## [Task instructions]
Leave out the pictures, and quote exactly the lines running from the one with "Keep it short and to the point. Yellow." through the last line of the entries below.

## [Dataset entries]
------------------------------------------------
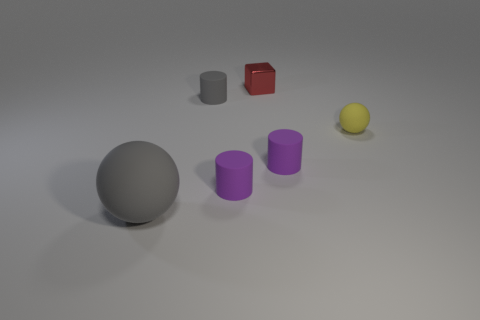Are there any other things that are made of the same material as the tiny cube?
Offer a terse response. No. What number of other things are the same shape as the big rubber object?
Give a very brief answer. 1. The rubber sphere that is behind the big object is what color?
Keep it short and to the point. Yellow. Is the red thing made of the same material as the tiny gray cylinder?
Your answer should be compact. No. How many things are purple matte objects or purple objects that are to the left of the red shiny thing?
Keep it short and to the point. 2. What is the size of the other thing that is the same color as the big thing?
Provide a succinct answer. Small. There is a gray rubber thing in front of the yellow matte sphere; what shape is it?
Ensure brevity in your answer.  Sphere. Does the matte cylinder behind the small yellow sphere have the same color as the large rubber thing?
Ensure brevity in your answer.  Yes. What material is the cylinder that is the same color as the big rubber thing?
Make the answer very short. Rubber. Does the gray thing right of the gray ball have the same size as the metal cube?
Your answer should be very brief. Yes. 
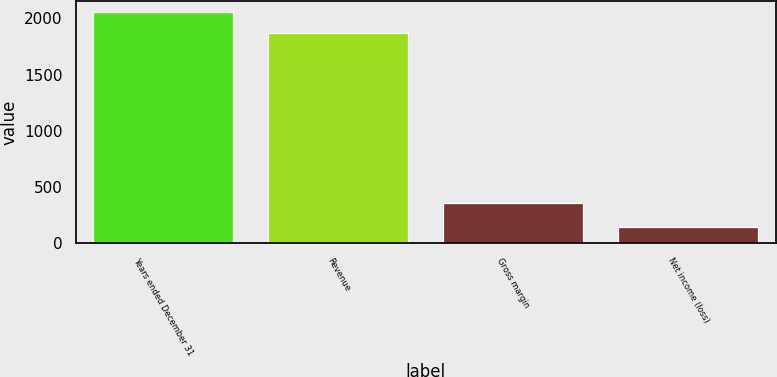Convert chart. <chart><loc_0><loc_0><loc_500><loc_500><bar_chart><fcel>Years ended December 31<fcel>Revenue<fcel>Gross margin<fcel>Net income (loss)<nl><fcel>2054.6<fcel>1868<fcel>355<fcel>146<nl></chart>
------------------------------------------------
## [Problem solution]
Keep it short and to the point. Yellow. Is the red thing made of the same material as the tiny gray cylinder?
Your answer should be compact. No. How many things are purple matte objects or purple objects that are to the left of the red shiny thing?
Keep it short and to the point. 2. What is the size of the other thing that is the same color as the big thing?
Provide a succinct answer. Small. There is a gray rubber thing in front of the yellow matte sphere; what shape is it?
Ensure brevity in your answer.  Sphere. Does the matte cylinder behind the small yellow sphere have the same color as the large rubber thing?
Ensure brevity in your answer.  Yes. What material is the cylinder that is the same color as the big rubber thing?
Make the answer very short. Rubber. Does the gray thing right of the gray ball have the same size as the metal cube?
Your answer should be very brief. Yes. 
Convert chart. <chart><loc_0><loc_0><loc_500><loc_500><bar_chart><fcel>Years ended December 31<fcel>Revenue<fcel>Gross margin<fcel>Net income (loss)<nl><fcel>2054.6<fcel>1868<fcel>355<fcel>146<nl></chart>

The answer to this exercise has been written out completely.